The detailing here is restrained. No elaborate joinery, no heroic spans. Just careful proportions and materials that age well. It reflects a studio that sources locally and partners with regional craftspeople, trusting the work to speak for itself.
The Terrace and the Landscape Beyond



JER opens onto a cobbled terrace that belongs to the Tselinny Center's broader landscape strategy: a gently curving plaza that mimics the rolling hills of the Central Asian steppe, with a dry riverbed garden connecting the site to Nikolskiy Park. The café's full-height glazing dissolves the boundary between inside and out, and the white outdoor furniture extends the seating plan into the landscape. The rock garden visible at dusk adds a geological texture to the composition, grounding the building's more abstract formal gestures.
From outside, the facade's cutout panels and the glazed base create a two-register composition: opaque and perforated above, transparent and inhabited below. It is a simple move, but it gives JER a legible presence within a building that could easily overwhelm a 150-square-meter café.
Plans and Drawings


The axonometric drawing reveals JER's linear organization: kitchen, dining, and reading zones are arranged sequentially along the glazed southern wall, with the timber display spine acting as a spatial divider on the interior side. The plan is straightforward, almost diagrammatic, which is its strength. Every zone is accessible from a single circulation path, and the café flows from service to social to solitary without corridors or thresholds. NAAW's design of the rooftop restaurant above, linked by a staircase, suggests a vertical pairing that extends this linear logic upward.
Why This Project Matters
Cultural centers routinely treat their cafés as afterthoughts, leasing out a corner to a chain or filling a leftover space with generic furniture. JER resists that pattern. NAAW has designed a café that takes the Tselinny Center's material and conceptual ambitions seriously, translating the building's dialogue between Kazakh cosmology and Soviet-era infrastructure into a space where you can sit with a coffee and a magazine. The river-shaped communal table, the steppe-referencing facade cutouts, the earthy tones: these are not decorative nods but extensions of a larger cultural project, built entirely by Kazakhstani contractors.

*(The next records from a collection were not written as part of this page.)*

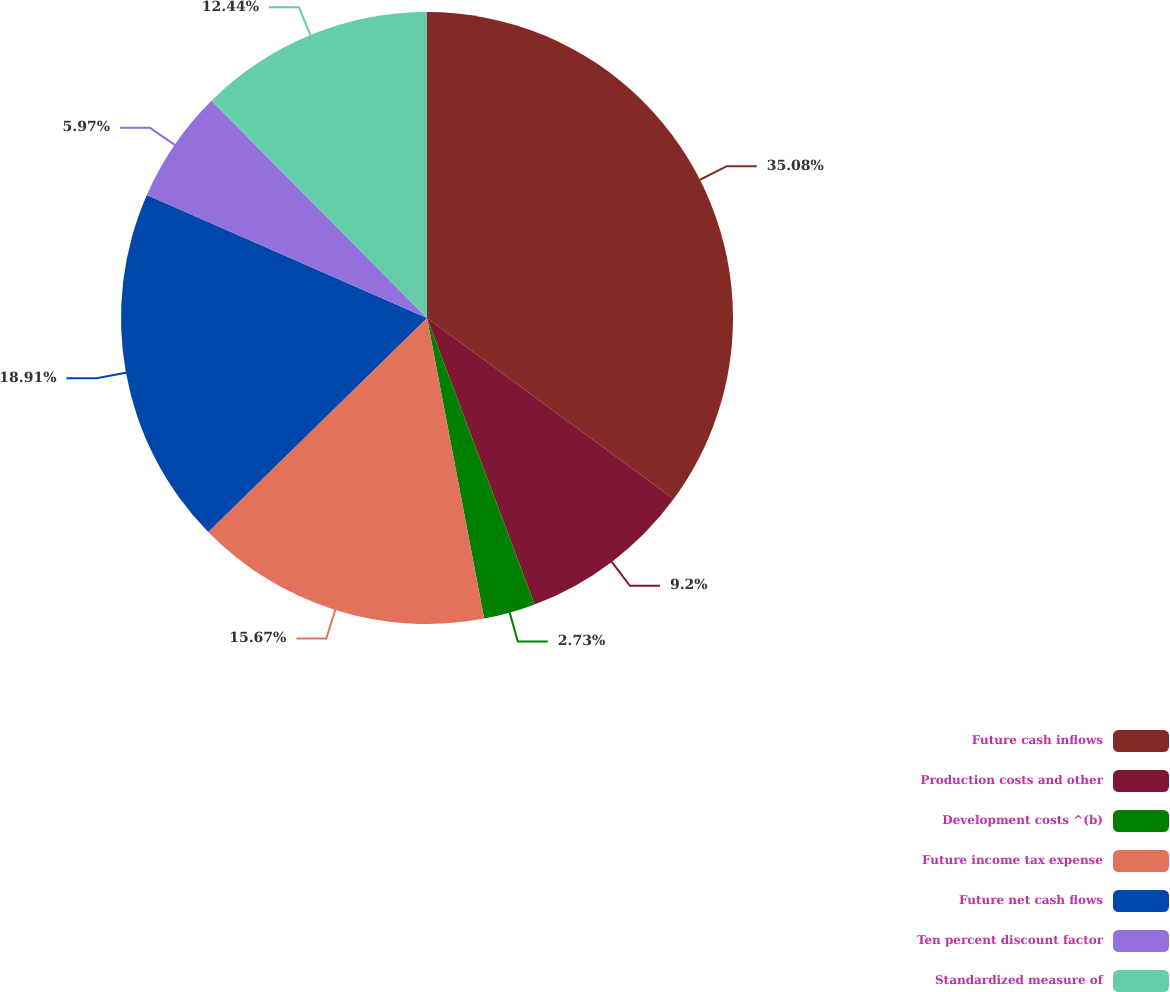<chart> <loc_0><loc_0><loc_500><loc_500><pie_chart><fcel>Future cash inflows<fcel>Production costs and other<fcel>Development costs ^(b)<fcel>Future income tax expense<fcel>Future net cash flows<fcel>Ten percent discount factor<fcel>Standardized measure of<nl><fcel>35.08%<fcel>9.2%<fcel>2.73%<fcel>15.67%<fcel>18.91%<fcel>5.97%<fcel>12.44%<nl></chart> 
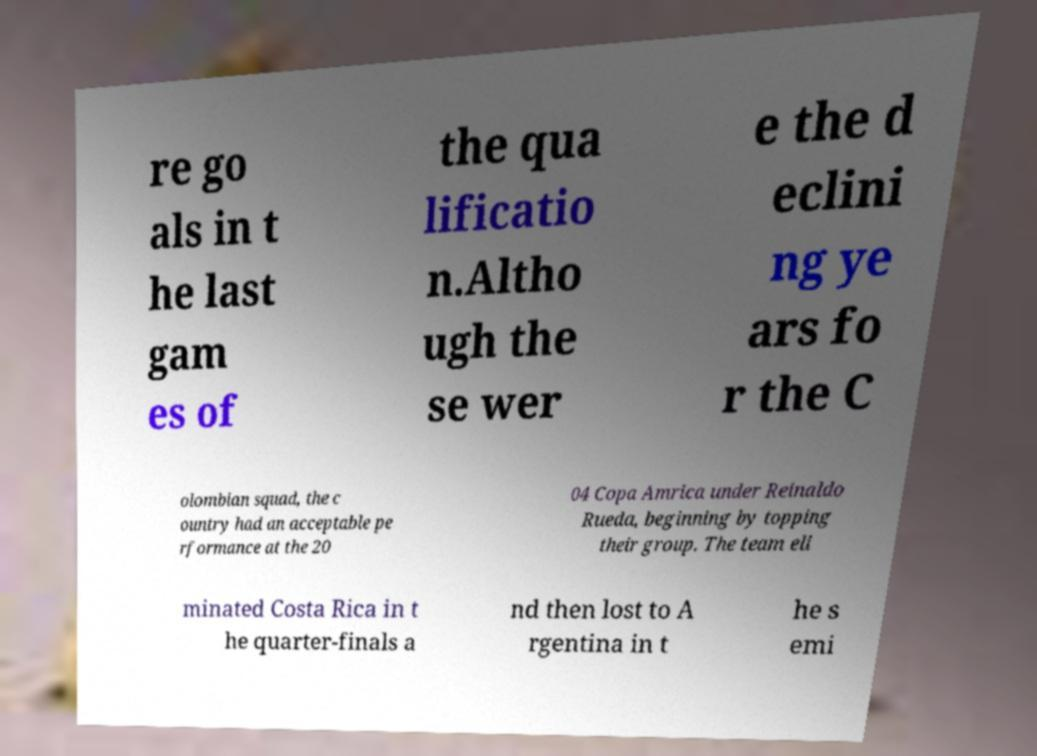Can you read and provide the text displayed in the image?This photo seems to have some interesting text. Can you extract and type it out for me? re go als in t he last gam es of the qua lificatio n.Altho ugh the se wer e the d eclini ng ye ars fo r the C olombian squad, the c ountry had an acceptable pe rformance at the 20 04 Copa Amrica under Reinaldo Rueda, beginning by topping their group. The team eli minated Costa Rica in t he quarter-finals a nd then lost to A rgentina in t he s emi 
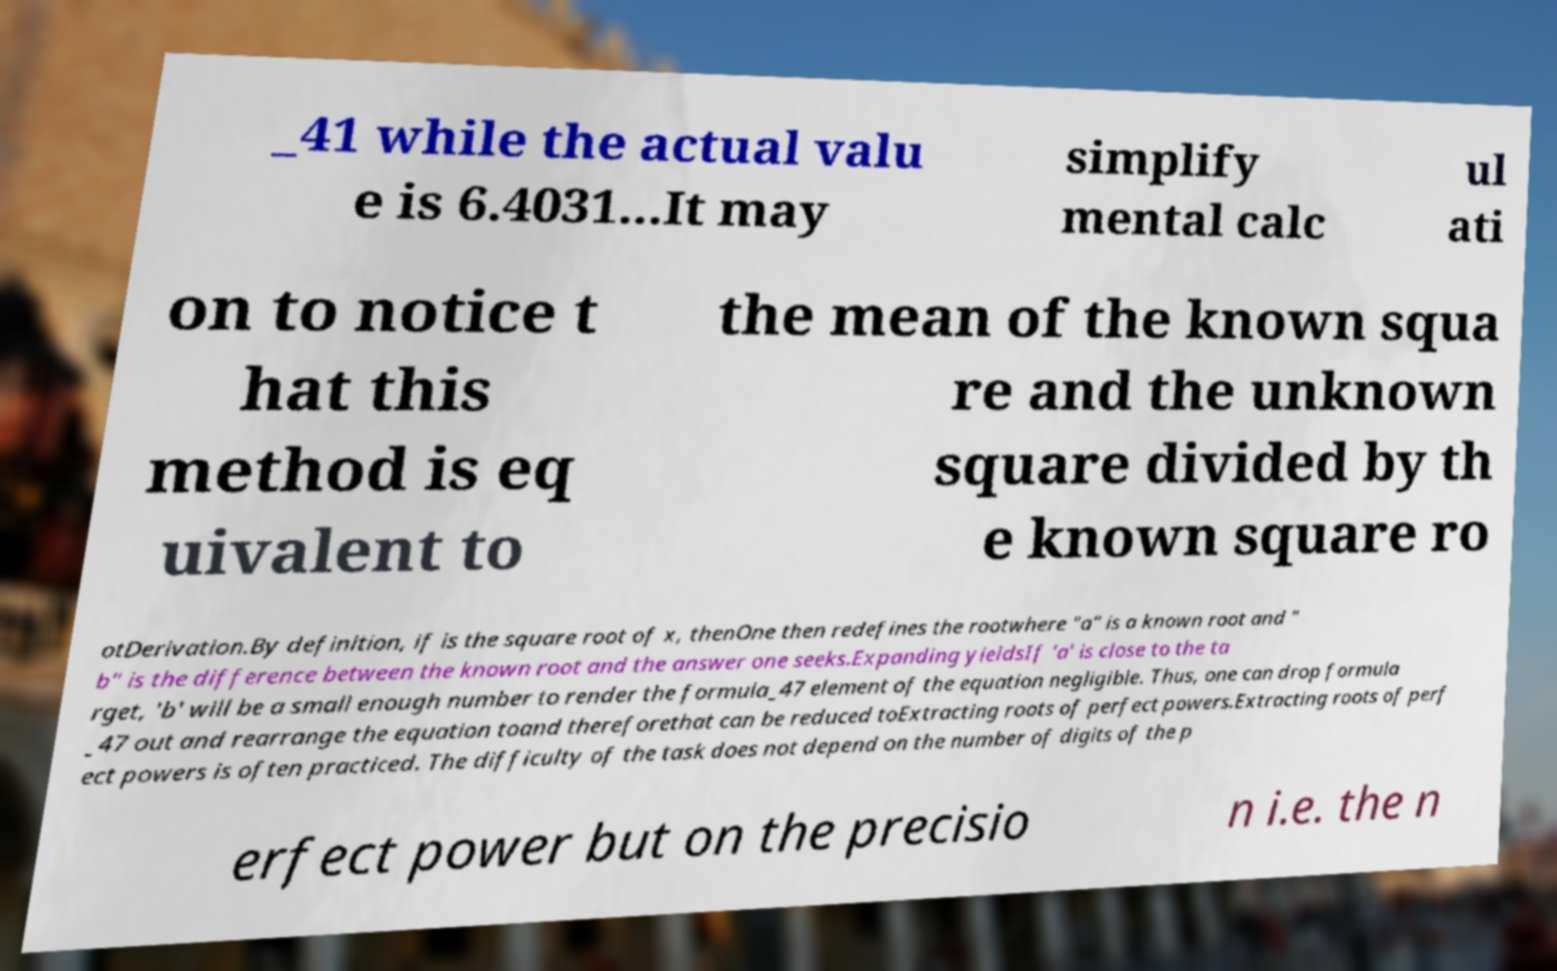Could you assist in decoding the text presented in this image and type it out clearly? _41 while the actual valu e is 6.4031...It may simplify mental calc ul ati on to notice t hat this method is eq uivalent to the mean of the known squa re and the unknown square divided by th e known square ro otDerivation.By definition, if is the square root of x, thenOne then redefines the rootwhere "a" is a known root and " b" is the difference between the known root and the answer one seeks.Expanding yieldsIf 'a' is close to the ta rget, 'b' will be a small enough number to render the formula_47 element of the equation negligible. Thus, one can drop formula _47 out and rearrange the equation toand thereforethat can be reduced toExtracting roots of perfect powers.Extracting roots of perf ect powers is often practiced. The difficulty of the task does not depend on the number of digits of the p erfect power but on the precisio n i.e. the n 
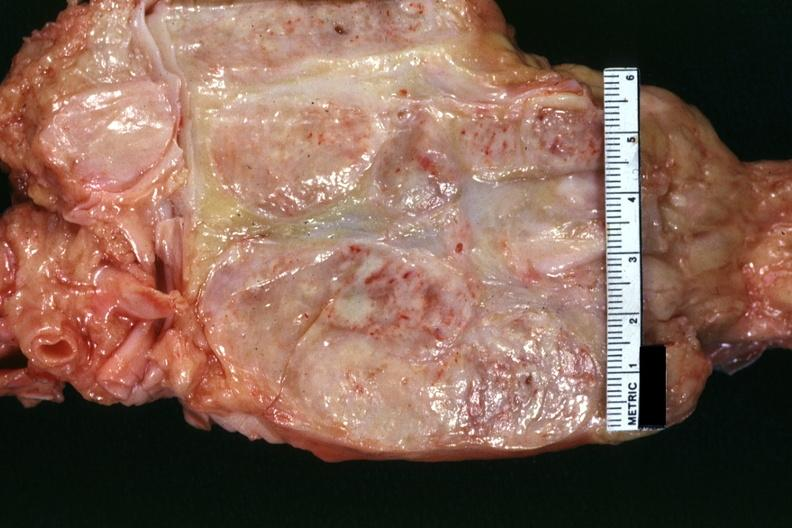what is present?
Answer the question using a single word or phrase. Lymph node

At 150 square meters, JER also demonstrates that small interiors can carry real architectural ideas without relying on spectacle. Elvira Bakubayeva and NAAW have produced a space that is specific to its place, responsive to its host building, and genuinely useful as a place to spend time. In a city undergoing rapid cultural development, that combination of modesty and ambition is worth paying attention to.
JER Café at the Tselinny Center of Contemporary Culture, designed by NAAW, lead architect Elvira Bakubayeva. Almaty, Kazakhstan. 150 m². Completed 2025. Photography by Damir Otegen.